Brent Suter: the lefty with the 83 MPH fastball, Suter posted a 3.32 ERA across 21.2 innings after being called up last August. The Harvard grad and former 31st-round pick relies on pitchability and generating soft contact, but a 4.43 FIP and especially an ugly 7.89 DRA don’t support his success from last season.
Rob Scahill (NRI): claimed off waivers from the Pirates last summer, Scahill posted a 2.45 ERA/4.08 DRA in 18.1 innings for Milwaukee. He was outrighted off the 40 man roster shortly before the season began.
Joba Chamberlain (NRI): it’s been a decade since the “Joba Rules” Yankees days, and Chamberlain spent part of last year with the Indians while posting a 2.25 ERA/3.26 DRA across 20.0 innings. A pedestrian 18:11 K/BB ratio ultimately lead to his release last June, and Joba elected to stay home with his family rather than pursue another job at that time. He’s in camp on a minor league deal.

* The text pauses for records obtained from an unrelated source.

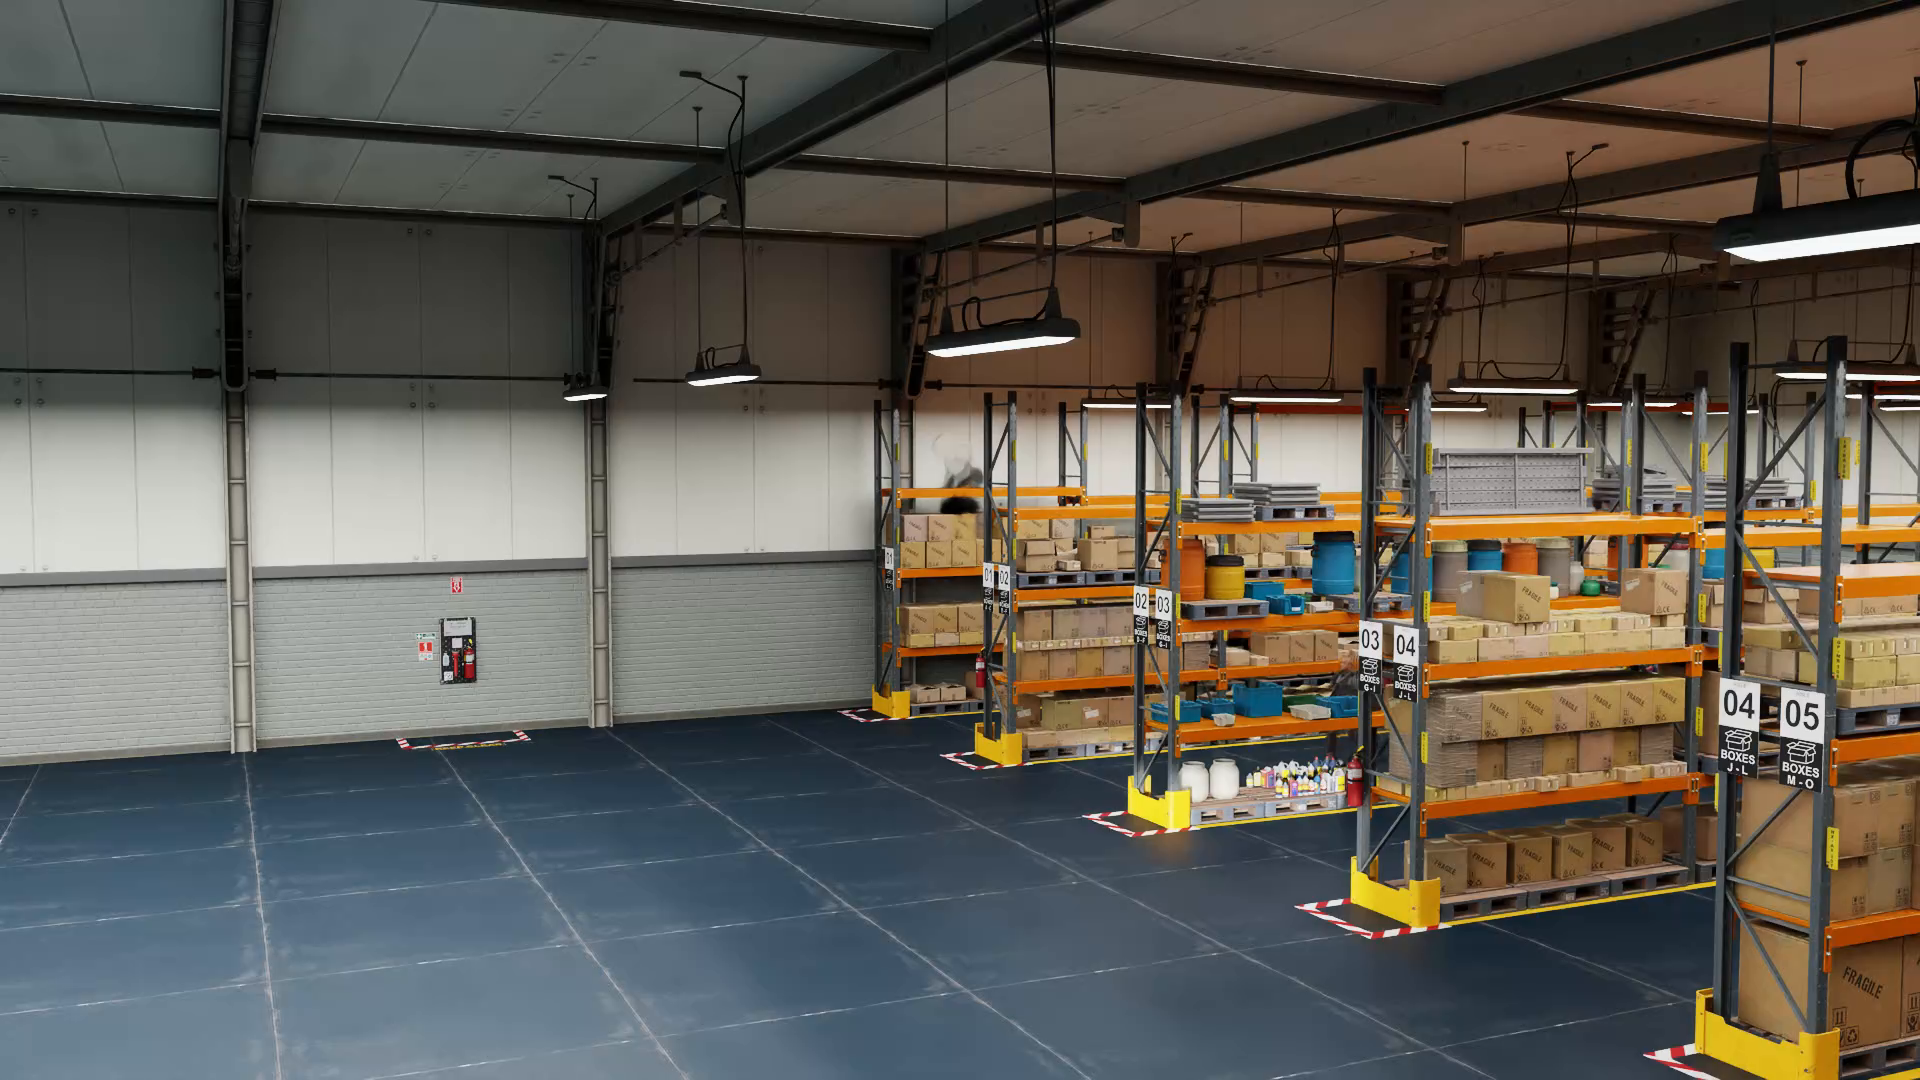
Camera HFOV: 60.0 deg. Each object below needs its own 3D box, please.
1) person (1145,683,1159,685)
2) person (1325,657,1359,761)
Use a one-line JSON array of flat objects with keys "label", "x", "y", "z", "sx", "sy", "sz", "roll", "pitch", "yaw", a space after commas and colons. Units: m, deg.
[{"label": "person", "x": 3.410, "y": 2.565, "z": 30.297, "sx": 0.573, "sy": 1.660, "sz": 0.576, "roll": -2, "pitch": 4, "yaw": -26}, {"label": "person", "x": 6.146, "y": 2.742, "z": 26.570, "sx": 0.874, "sy": 1.755, "sz": 0.638, "roll": -2, "pitch": 4, "yaw": -35}]
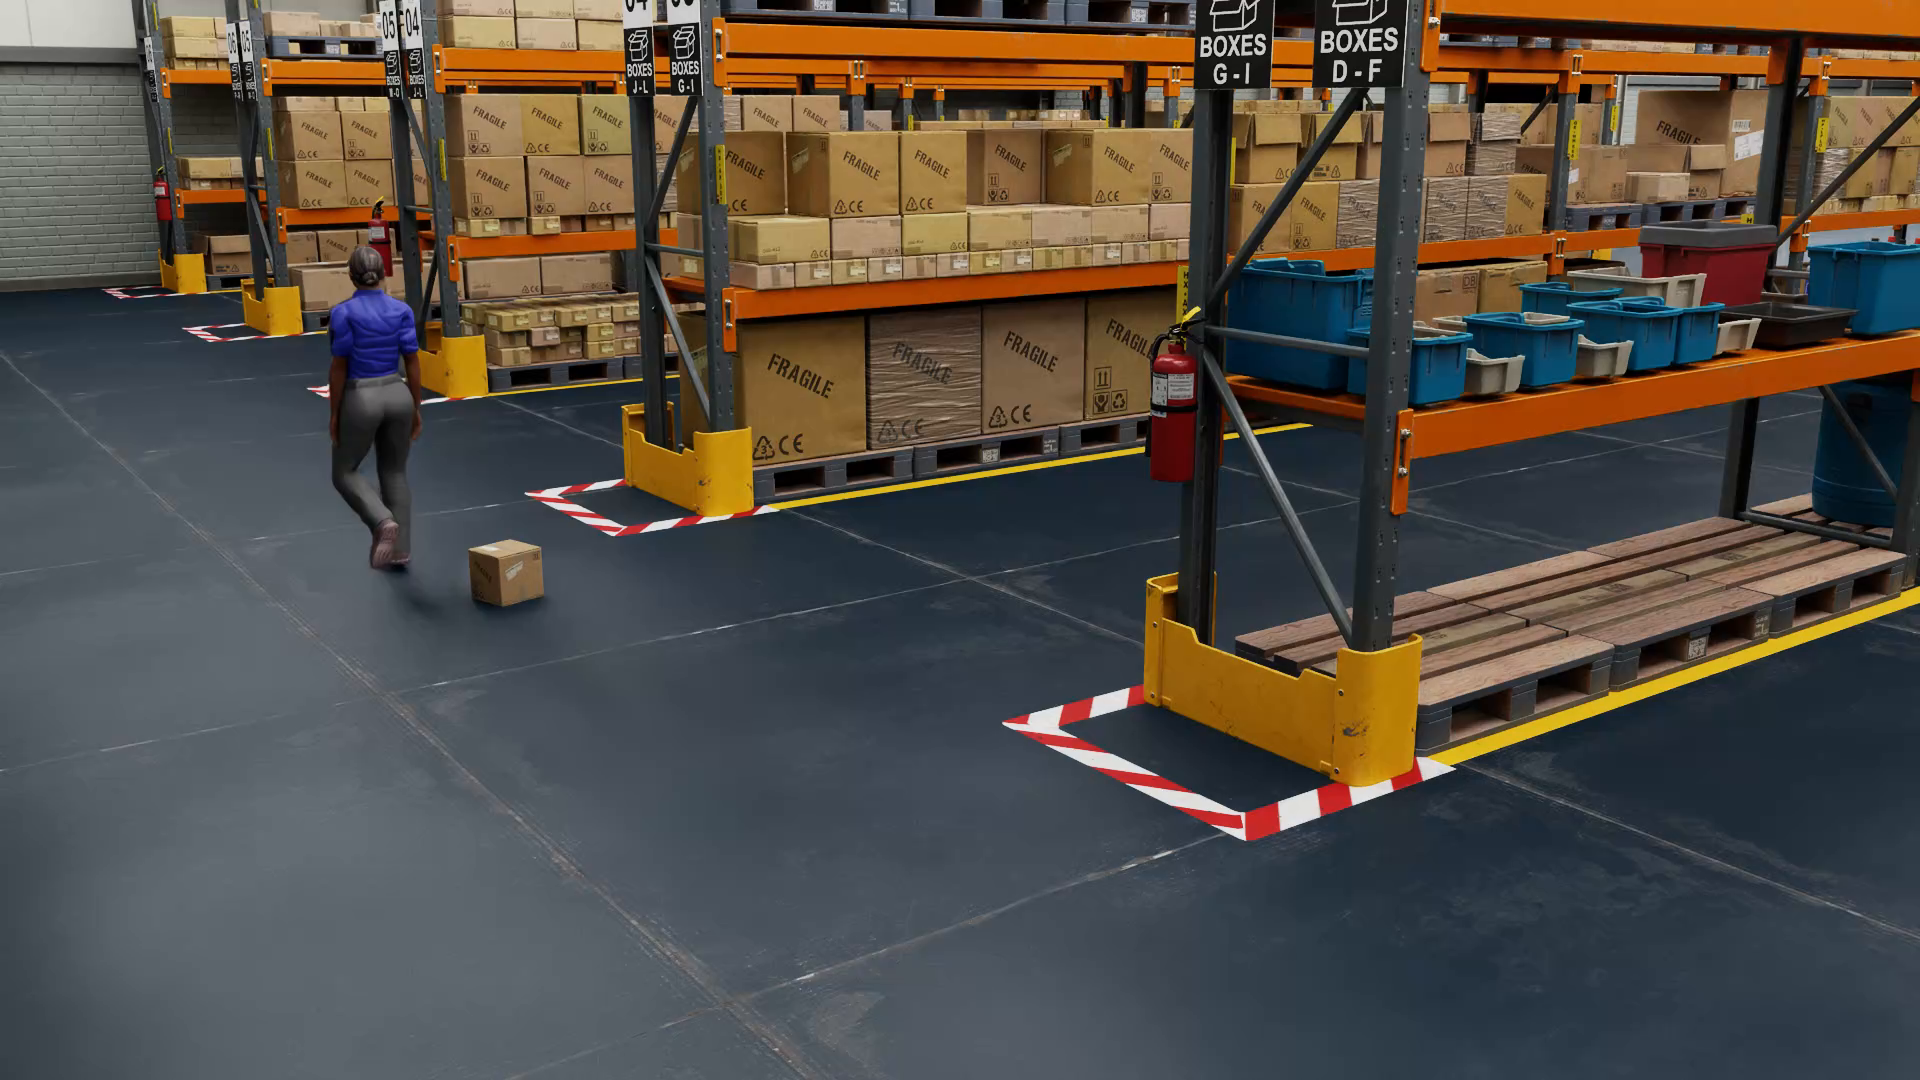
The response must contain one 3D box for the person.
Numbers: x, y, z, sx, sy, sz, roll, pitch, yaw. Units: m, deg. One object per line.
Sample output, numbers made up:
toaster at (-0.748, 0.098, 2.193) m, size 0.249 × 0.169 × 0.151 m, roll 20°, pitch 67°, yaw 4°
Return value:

David Goforth (NRI): he has yo-yo’d back and forth plenty from Milwaukee to Colorado Springs over the last two years, but he was outrighted off the 40 man roster after posting a 10.97 ERA in 10.1 MLB innings last year.
Andy Oliver (NRI): once a top prospect with Detroit, the lefty has bounced around in recent seasons while attempting to harness his control. He posted a 3.43 ERA/3.83 DRA in 86.2 innings last season for AAA Norfolk and is in camp on a minor league deal.
Forrest Snow (NRI): the Seattle native had spent his entire minor league career with the Mariners before signing with Milwaukee this winter. The splitter-throwing righty posted a 2.83 ERA between AA and AAA last season.
Ryan Webb (NRI): a veteran of parts of 8 MLB seasons, Webb was cut loose by the Rays last season after posting a 5.19 ERA/4.16 DRA in 17.1 innings. He didn’t make it back to the big leagues in 2016 and signed a minor league deal with the Brewers over the winter.
It’s also worth bearing in mind that the Brewers have competition in their starting rotation as well, with five pitchers (Jimmy Nelson, Wily Peralta, Matt Garza, Chase Anderson, and lefty Tommy Milone) competing for three spots behind Junior Guerra and Zach Davies. The two hurlers who wind up failing to crack the starting five could also be in the mix for a spot in the bullpen along with all the names mentioned above.
On the Farm
Damien Magnifico is on the 40 man roster and saw some brief time in the MLB last year, but has already been optioned to back to AAA this spring...Stephen Kohlscheen posted a 2.54 ERA and saved 23 games for AA Biloxi last season...Javi Salas, Tyler Spurlin, Josh Uhen, and Tayler Scott represented the Brewers in this year’s Arizona Fall League...Jon Olczak enjoyed a successful season in Brevard County...Quintin Torres-Costa, Scott Grist, Alex Farina, and Nate Griep lead a strong bullpen in Appleton in 2016.